La mort de Jean-Luc Godard, qui l’a illustrée dans toute son œuvre, est l’occasion de réfléchir aux problèmes qu’elle pose. En effet le cinéaste n’a cessé de dynamiter les codes traditionnels de la représentation filmique, en montrant son caractère totalement artificiel et gratuit. C’est évidemment très intelligent, irréfutable en un sens, mais aussi dangereux dans un autre.
Que toute narration par exemple soit gratuite, on en trouve déjà l’expression dans le début de Jacques le Fataliste de Diderot. Et la constatation en est incontestable. Mais on peut y perdre l’adhésion naïve à toute voix qui entreprend de raconter, la magie du « Il était une fois... » C’est comme si on coupait le courant nécessaire pour adhérer à tout récit, sans se préoccuper d’aller réparer les plombs. C’est le carrosse qui se retransforme en citrouille.

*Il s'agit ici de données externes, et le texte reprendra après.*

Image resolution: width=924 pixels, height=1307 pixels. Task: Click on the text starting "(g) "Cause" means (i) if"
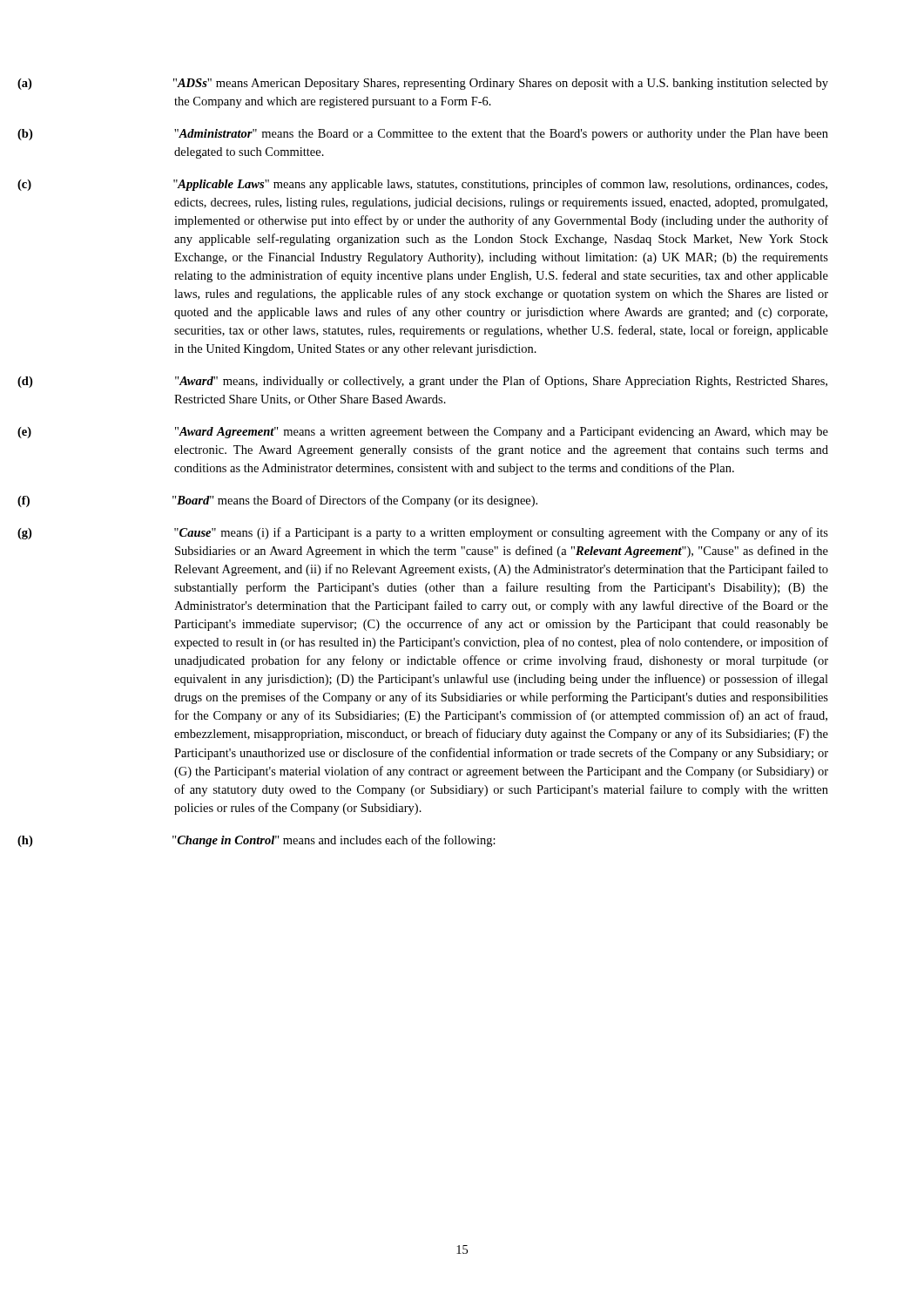[462, 669]

Bien sûr, l’auteur en nous associant ainsi à son activité de création fait de nous à son tour des auteurs, de la même façon que Duchamp disait que le tableau est dans l’œil de celui qui le regarde. Mais veut-on toujours de cette association ? Est-on prêt par exemple à coopérer avec celui qui raconte, à passer, comme on l’a dit à propos du Nouveau Roman, du récit d’une aventure à l’aventure d’un récit ?
En général toute culture est faite de constructions symboliques auxquelles on donne crédit ou confiance, fiducia en latin. Et elle ne tient que par là. Construite initialement par évidence du cœur, elle se déconstruit ensuite par l’intelligence doutante, mais c’est au risque de s’y détruire. Ainsi Godard né dans un pays protestant, donc de tendance iconoclaste, n’a pas eu pour l’image l’adhésion spontanée que lui donnait par exemple Fellini, venant d’un monde catholique : peut-être a-t-il compensé cela par son amour de la musique....
On pourra parler chez lui d’une ironie distanciée, qui parfois se réduit à des blagues de potache. Mais pour citer encore Duchamp, que vaut-il mieux : peindre la Joconde ou lui dessiner des moustaches ? Les fulgurances de pensée, qui font penser chez Godard à celles qu’avait Malraux, ne suffisent pas à construire un vrai monde englobant comme il en existait aux époques de grande foi. Peut-on planer indestructible au-dessus des ruines ?
En somme, la déconstruction n’est pas toujours le dernier mot, et il y a dans certains cas une sagesse de la confiance : une intelligence en éloigne, et une autre y ramène.